* WORK TO COMPLETE:
Would you please copy every line below that includes the string "Johnson"?

*** Opening SOURCE DATA ***

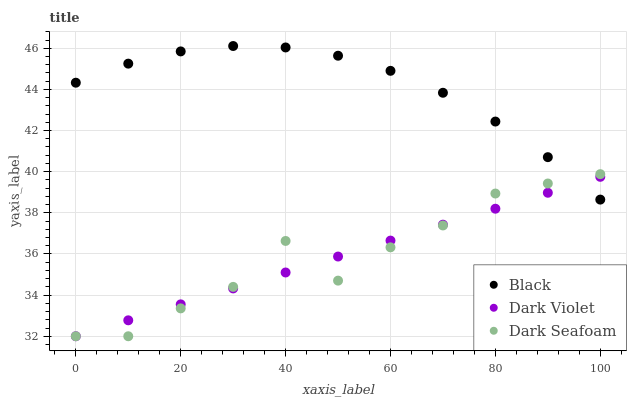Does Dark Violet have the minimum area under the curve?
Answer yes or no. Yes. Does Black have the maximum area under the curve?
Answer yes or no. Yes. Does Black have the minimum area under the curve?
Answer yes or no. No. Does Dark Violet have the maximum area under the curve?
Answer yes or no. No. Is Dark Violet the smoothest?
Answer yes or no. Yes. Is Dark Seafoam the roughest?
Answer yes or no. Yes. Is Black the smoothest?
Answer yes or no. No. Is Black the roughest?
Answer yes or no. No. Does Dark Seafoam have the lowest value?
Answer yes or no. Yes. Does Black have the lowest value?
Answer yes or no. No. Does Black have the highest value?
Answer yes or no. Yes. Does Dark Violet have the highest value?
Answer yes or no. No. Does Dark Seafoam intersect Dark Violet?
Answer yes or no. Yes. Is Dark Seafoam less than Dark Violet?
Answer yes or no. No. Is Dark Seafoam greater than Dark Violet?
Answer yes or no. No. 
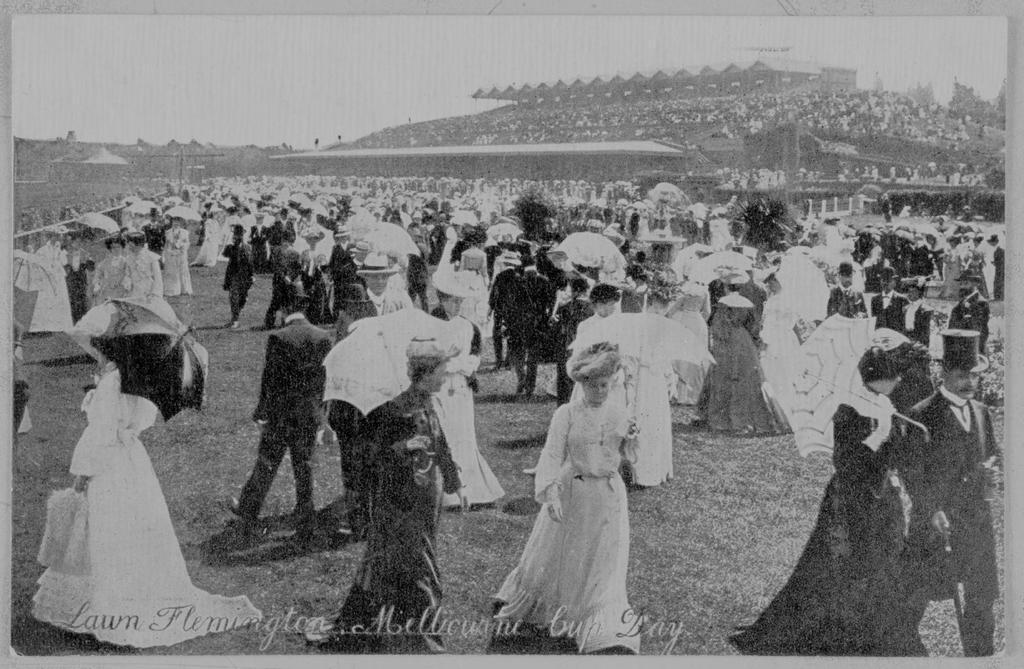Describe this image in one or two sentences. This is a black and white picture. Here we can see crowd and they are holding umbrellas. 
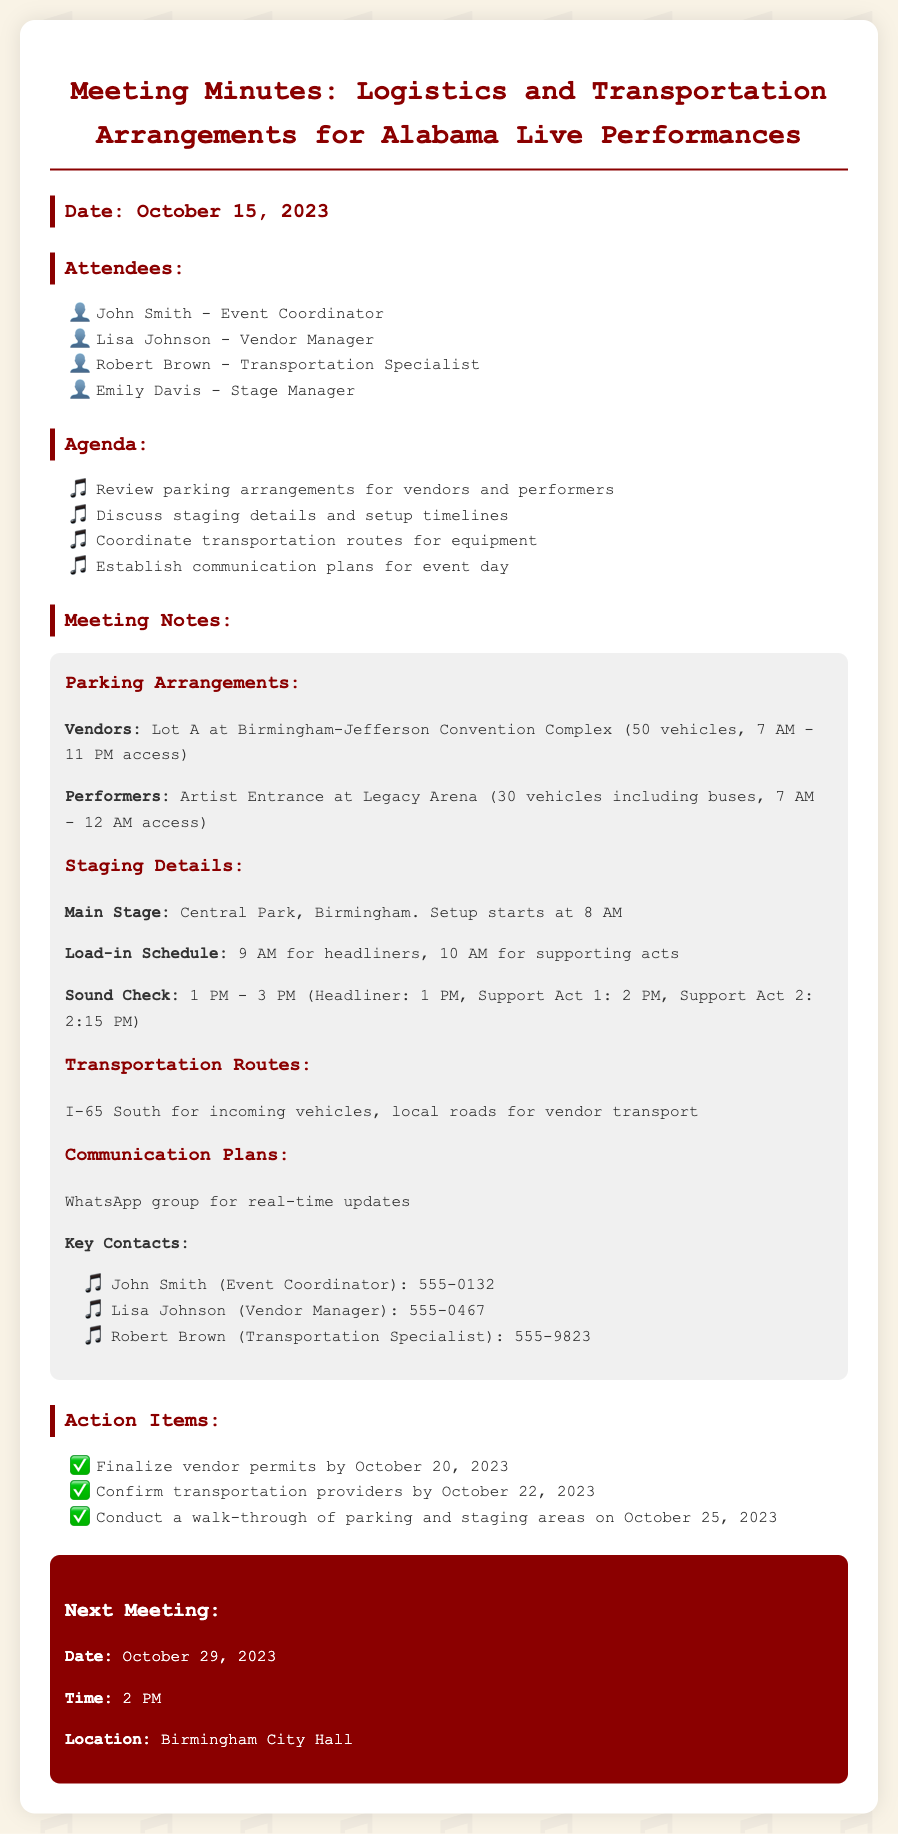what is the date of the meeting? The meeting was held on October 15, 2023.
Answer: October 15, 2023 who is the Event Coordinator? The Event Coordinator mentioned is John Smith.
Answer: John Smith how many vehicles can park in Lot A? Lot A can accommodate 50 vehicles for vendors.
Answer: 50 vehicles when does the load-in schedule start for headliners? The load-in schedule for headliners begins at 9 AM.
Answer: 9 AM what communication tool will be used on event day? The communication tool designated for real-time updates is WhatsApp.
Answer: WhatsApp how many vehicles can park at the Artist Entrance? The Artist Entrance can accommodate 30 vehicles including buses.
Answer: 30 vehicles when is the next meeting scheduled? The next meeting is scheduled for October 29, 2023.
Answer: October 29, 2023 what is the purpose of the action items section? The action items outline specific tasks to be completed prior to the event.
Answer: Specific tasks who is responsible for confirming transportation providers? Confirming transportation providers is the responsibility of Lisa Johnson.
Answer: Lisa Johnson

*** Closing SOURCE DATA ***

* RESPONSE TO THIS EXERCISE:
Answer: Specific tasks who is responsible for confirming transportation providers? Confirming transportation providers is the responsibility of Lisa Johnson.
Answer: Lisa Johnson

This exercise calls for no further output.